◆ **EXTRACTED ENTRIES**
Content starts
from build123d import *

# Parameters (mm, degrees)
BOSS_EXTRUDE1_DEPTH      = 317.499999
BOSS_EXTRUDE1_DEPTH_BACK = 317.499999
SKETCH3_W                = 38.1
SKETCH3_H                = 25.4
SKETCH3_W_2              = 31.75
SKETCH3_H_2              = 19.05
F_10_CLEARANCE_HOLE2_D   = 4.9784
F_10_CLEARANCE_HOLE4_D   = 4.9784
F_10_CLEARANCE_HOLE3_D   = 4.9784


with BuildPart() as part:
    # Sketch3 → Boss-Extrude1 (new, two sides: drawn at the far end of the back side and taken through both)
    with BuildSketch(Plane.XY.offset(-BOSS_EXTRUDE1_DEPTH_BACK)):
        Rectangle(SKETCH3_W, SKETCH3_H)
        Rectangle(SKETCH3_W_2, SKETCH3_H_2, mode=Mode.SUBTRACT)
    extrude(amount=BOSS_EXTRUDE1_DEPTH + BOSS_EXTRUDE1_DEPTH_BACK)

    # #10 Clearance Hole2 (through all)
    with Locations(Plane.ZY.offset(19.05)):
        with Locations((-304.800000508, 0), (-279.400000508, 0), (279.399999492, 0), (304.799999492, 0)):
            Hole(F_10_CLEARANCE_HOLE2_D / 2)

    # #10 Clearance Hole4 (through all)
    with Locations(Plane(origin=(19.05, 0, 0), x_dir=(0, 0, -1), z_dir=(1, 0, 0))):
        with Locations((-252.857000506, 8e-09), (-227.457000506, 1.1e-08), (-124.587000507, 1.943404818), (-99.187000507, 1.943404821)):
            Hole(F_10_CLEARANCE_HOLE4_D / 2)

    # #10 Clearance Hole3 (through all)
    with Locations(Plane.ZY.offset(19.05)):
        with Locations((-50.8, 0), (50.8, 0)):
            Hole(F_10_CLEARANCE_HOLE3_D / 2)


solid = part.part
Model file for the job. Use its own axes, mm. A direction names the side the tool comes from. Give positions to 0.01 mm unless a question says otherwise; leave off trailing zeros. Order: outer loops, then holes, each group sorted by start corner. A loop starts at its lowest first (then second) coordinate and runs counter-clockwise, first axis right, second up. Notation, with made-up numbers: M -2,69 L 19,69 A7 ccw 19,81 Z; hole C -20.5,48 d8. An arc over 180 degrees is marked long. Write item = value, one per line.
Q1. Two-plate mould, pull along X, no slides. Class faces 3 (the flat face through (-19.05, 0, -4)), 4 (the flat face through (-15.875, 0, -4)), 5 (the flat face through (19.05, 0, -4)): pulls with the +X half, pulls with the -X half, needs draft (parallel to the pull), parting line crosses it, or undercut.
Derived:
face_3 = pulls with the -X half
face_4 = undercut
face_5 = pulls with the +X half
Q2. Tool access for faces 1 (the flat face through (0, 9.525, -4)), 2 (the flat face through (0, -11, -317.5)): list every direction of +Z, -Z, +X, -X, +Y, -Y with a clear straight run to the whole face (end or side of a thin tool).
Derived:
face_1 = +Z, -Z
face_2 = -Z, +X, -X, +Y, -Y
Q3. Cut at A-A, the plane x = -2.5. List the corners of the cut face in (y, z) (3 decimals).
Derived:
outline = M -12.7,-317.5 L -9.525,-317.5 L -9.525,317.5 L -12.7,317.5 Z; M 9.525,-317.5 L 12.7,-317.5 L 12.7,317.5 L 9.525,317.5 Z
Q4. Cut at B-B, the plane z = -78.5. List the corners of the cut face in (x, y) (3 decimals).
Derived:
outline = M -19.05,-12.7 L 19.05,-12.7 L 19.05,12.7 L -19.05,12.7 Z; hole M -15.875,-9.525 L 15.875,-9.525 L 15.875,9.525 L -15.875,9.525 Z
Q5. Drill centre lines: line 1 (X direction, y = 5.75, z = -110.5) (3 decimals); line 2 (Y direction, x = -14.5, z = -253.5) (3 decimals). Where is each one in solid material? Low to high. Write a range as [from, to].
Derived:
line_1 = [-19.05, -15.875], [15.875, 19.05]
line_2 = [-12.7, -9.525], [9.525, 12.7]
Content ends
◆ **WHAT TO DO**
In the entries above, find each line with "outline" and list it.

◆ **SOLUTION TO THE PROBLEM**
outline = M -12.7,-317.5 L -9.525,-317.5 L -9.525,317.5 L -12.7,317.5 Z; M 9.525,-317.5 L 12.7,-317.5 L 12.7,317.5 L 9.525,317.5 Z
outline = M -19.05,-12.7 L 19.05,-12.7 L 19.05,12.7 L -19.05,12.7 Z; hole M -15.875,-9.525 L 15.875,-9.525 L 15.875,9.525 L -15.875,9.525 Z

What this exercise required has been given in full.